An egotistical hero doesn’t usually spark my interest. I didn’t need another narcissistic Prince Charming. Seen it all a million times, and my immediate reaction is: Meh. However, the success of an overused archetype is due to an author’s treatment of it. The way you painted Ned in words, you made him vulnerable in his egotism, and that is why it worked.

His friends harbored a veiled resentment for him, believing he was only well-received because of his title. His exasperation at that thought was tangible. He wasn’t naive enough to think that everyone would like him to the same degree if he were lower class, but he was genuinely confident of his appeal as a good friend and person.

“And by the by, I resent the implication that I am nothing more than my title.”

“Now, Ashby, he didn’t say that,” Rhys began, but Turner strangely kept silent.

“Yes he did. He said that life is different for an earl than it is for a secretary. And while that is true, it im­plies that any good thing, any bit of luck I may have had in my life, is incumbent upon the fact that I inherited an earldom. And any lack of happiness Turner suffers from is incumbent upon his recent bad luck. Whereas the reverse is true. He is serious and unsmiling, thus he has bad luck. With his mill, with women, with life. I am in general of a good nature and I have good luck. It has very little to do with my title. It has to do with who I am.”

I could tell he was in for a kick in the pants when he proposed the swap with his secretary. I admit: I am a huge fan of the nobleman-in-disguise trope. From my first favorite, Man of My Dreams by Johanna Lindsey (not a great novel, but cherished in my memories), I have been an absolute sucker for this concept. It gets me almost every time, and it got me here.

Ned is privileged, and knows he is, but he’s not fake. He is a real person (insofar as a fictional man can be called real) who’s very aware he’s afforded attention and luxuries by virtue of his title, and he has the audacity to think he’d do well even without that title.

When his role is reversed with his secretary, people do not treat him well, and the marvelous thing is that he doesn’t get upset with them. He forgives them immediately and shrugs and tries again. He’s so amiable that I found myself charmed by him, very suddenly and surprisingly. Of course, he got his comeuppance on a number of occasions, and acted with blindingly foolish assurance of his own appeal, and he was immediately and repeatedly called out on it. Until then, he never truly comprehended the liberties he could take as a nobleman that no one would dare take as an untitled secretary. It was a rude awakening but he managed it well after admitting how stupid and disrespectful he’d been. The appeal for me was in the fact he was willing to apologize and admit fault.
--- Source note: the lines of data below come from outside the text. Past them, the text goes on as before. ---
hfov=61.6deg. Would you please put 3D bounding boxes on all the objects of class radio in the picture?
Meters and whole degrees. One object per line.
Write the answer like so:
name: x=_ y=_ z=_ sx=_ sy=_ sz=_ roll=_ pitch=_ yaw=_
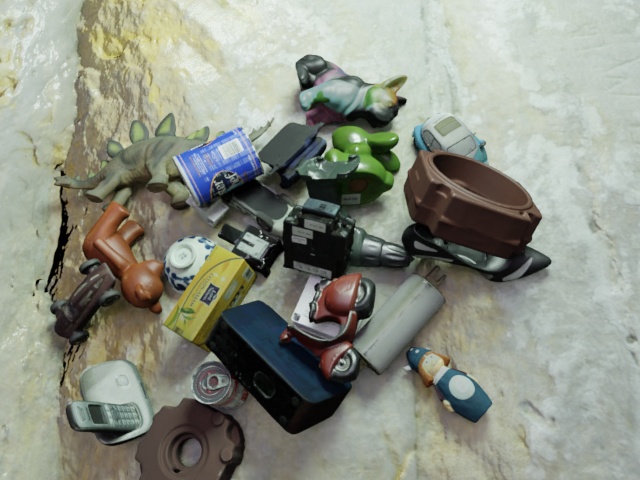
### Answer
radio: x=-0.071 y=0.201 z=0.878 sx=0.230 sy=0.131 sz=0.073 roll=38 pitch=110 yaw=24

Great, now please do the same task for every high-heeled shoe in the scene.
high-heeled shoe: x=0.264 y=0.008 z=0.898 sx=0.249 sy=0.145 sz=0.086 roll=0 pitch=68 yaw=13

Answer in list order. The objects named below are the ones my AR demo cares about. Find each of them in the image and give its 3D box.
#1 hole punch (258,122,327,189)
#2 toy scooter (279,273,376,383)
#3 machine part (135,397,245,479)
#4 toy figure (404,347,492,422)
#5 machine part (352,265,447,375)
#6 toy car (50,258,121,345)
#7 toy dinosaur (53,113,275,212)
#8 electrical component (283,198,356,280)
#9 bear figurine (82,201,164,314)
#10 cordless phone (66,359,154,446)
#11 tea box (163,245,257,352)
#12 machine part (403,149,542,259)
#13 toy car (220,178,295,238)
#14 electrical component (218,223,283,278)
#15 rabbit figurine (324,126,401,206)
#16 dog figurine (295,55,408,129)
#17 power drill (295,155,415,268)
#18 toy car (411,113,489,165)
hole punch: x=-0.045 y=-0.158 z=1.043 sx=0.142 sy=0.092 sz=0.116 roll=-44 pitch=32 yaw=-11
toy scooter: x=0.011 y=0.131 z=0.863 sx=0.135 sy=0.075 sz=0.184 roll=8 pitch=62 yaw=17
machine part: x=-0.217 y=0.352 z=0.891 sx=0.179 sy=0.056 sz=0.179 roll=-5 pitch=66 yaw=11
toy figure: x=0.203 y=0.223 z=0.866 sx=0.155 sy=0.057 sz=0.064 roll=39 pitch=41 yaw=25
machine part: x=0.129 y=0.141 z=0.904 sx=0.079 sy=0.079 sz=0.243 roll=39 pitch=78 yaw=23
toy car: x=-0.438 y=0.116 z=0.989 sx=0.202 sy=0.053 sz=0.089 roll=-43 pitch=73 yaw=31
toy dinosaur: x=-0.323 y=-0.166 z=1.115 sx=0.472 sy=0.105 sz=0.198 roll=-7 pitch=62 yaw=3
electrical component: x=-0.002 y=-0.003 z=0.909 sx=0.115 sy=0.134 sz=0.058 roll=15 pitch=40 yaw=12
bear figurine: x=-0.353 y=0.039 z=1.021 sx=0.196 sy=0.120 sz=0.132 roll=32 pitch=72 yaw=20
cordless phone: x=-0.367 y=0.264 z=0.888 sx=0.089 sy=0.184 sz=0.147 roll=-31 pitch=65 yaw=1
tea box: x=-0.194 y=0.107 z=0.971 sx=0.068 sy=0.098 sz=0.169 roll=27 pitch=72 yaw=20
machine part: x=0.249 y=-0.068 z=0.894 sx=0.201 sy=0.087 sz=0.201 roll=18 pitch=29 yaw=-8
toy car: x=-0.126 y=-0.079 z=1.062 sx=0.202 sy=0.056 sz=0.073 roll=35 pitch=70 yaw=25
electrical component: x=-0.137 y=0.013 z=1.028 sx=0.119 sy=0.047 sz=0.075 roll=21 pitch=71 yaw=19
rabbit figurine: x=0.075 y=-0.164 z=1.031 sx=0.159 sy=0.121 sz=0.170 roll=-9 pitch=50 yaw=3
dog figurine: x=0.067 y=-0.307 z=1.101 sx=0.219 sy=0.108 sz=0.191 roll=-8 pitch=62 yaw=3
power drill: x=0.046 y=-0.045 z=0.945 sx=0.232 sy=0.207 sz=0.086 roll=3 pitch=40 yaw=21
toy car: x=0.245 y=-0.185 z=1.011 sx=0.109 sy=0.102 sz=0.162 roll=-29 pitch=66 yaw=-3

We need more heroes who accept defeat with grace.

I also enjoyed his backstory. Ned didn’t join the world of the nobility until he was nearly a teenager, when his uncle’s heir died. He and his mother lived in neither comfort nor privilege. He hauled water from the well like any normal citizen. It wasn’t something he talked about, really ever, but I think his formative years made a huge impact on his personality. This is why, although he’s admittedly egotistical, he was never insufferable. He was grounded in the reality of his former upbringing. I loved him.

And I loved Phoebe, our heroine, as well. In her youth, she wrote the earl a furious letter, saying in no uncertain terms that he was to blame for her father’s death. It’s an impassioned, pained letter with zero subtlety. A genteel lady with the nerve to damn a nobleman to hell in a personal letter? I’m so there.

But even better, we see her years later, when she’s rid herself of that anger. I could see how she matured and I liked the result. She just wanted to disappear and be unnoticed by the earl. She hadn’t forgiven him, but she no longer wanted to make him suffer for the pride he maintained that inadvertently ruined her father. Thank goodness for heroines who reflect on their actions and who do what’s right for their own mental health from the get-go. The tension of their history is still palpable without any need for a silly vendetta.

At first, she didn’t give this jumped-up secretary a moment’s notice, but he kept coming back. He obviously liked her from the start, and the inevitable happened: she started to like him back, just as I liked him. They fell in love so naturally.

No matter what, his life would have led to this moment. If he had stayed in the village and never been made the old earl’s heir, they would have met here. He would have owned his mother’s cottage, had some sort of profession, and he would have known Phoebe Baker as the governess of the Widcoate children. They would have danced here.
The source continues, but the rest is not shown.